INSTRUCTIONS FOR THE TASK => What lines below include the string "relevance"? Pick them out and copy them.

++++++++++++++++++++

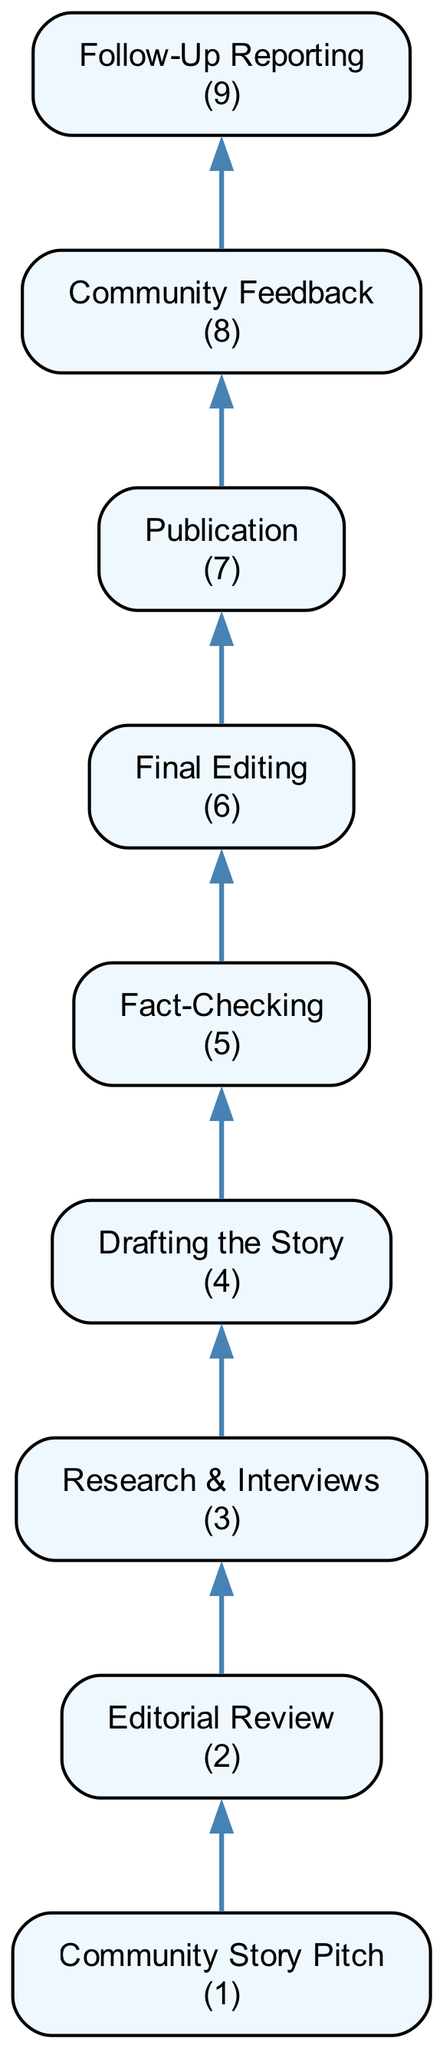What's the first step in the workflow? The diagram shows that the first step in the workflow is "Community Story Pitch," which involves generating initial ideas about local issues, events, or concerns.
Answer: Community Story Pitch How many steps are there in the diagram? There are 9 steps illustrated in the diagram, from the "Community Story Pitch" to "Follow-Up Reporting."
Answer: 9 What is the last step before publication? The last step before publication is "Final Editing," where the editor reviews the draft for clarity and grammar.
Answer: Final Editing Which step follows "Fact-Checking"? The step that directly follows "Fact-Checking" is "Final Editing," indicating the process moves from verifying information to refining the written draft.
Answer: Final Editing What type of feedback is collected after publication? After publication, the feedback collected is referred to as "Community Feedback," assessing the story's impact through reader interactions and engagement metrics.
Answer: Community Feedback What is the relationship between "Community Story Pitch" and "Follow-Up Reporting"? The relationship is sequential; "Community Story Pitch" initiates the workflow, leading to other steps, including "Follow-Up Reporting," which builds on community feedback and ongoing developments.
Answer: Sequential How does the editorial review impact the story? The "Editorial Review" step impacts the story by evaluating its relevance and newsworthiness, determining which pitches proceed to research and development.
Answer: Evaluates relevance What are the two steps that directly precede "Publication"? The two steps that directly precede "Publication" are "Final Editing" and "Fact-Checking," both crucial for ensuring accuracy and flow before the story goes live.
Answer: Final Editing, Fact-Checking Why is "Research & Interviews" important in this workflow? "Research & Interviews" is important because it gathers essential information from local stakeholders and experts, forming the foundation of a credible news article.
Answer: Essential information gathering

++++++++++++++++++++

REPLY =>
Answer: Sequential How does the editorial review impact the story? The "Editorial Review" step impacts the story by evaluating its relevance and newsworthiness, determining which pitches proceed to research and development.
Answer: Evaluates relevance What are the two steps that directly precede "Publication"? The two steps that directly precede "Publication" are "Final Editing" and "Fact-Checking," both crucial for ensuring accuracy and flow before the story goes live.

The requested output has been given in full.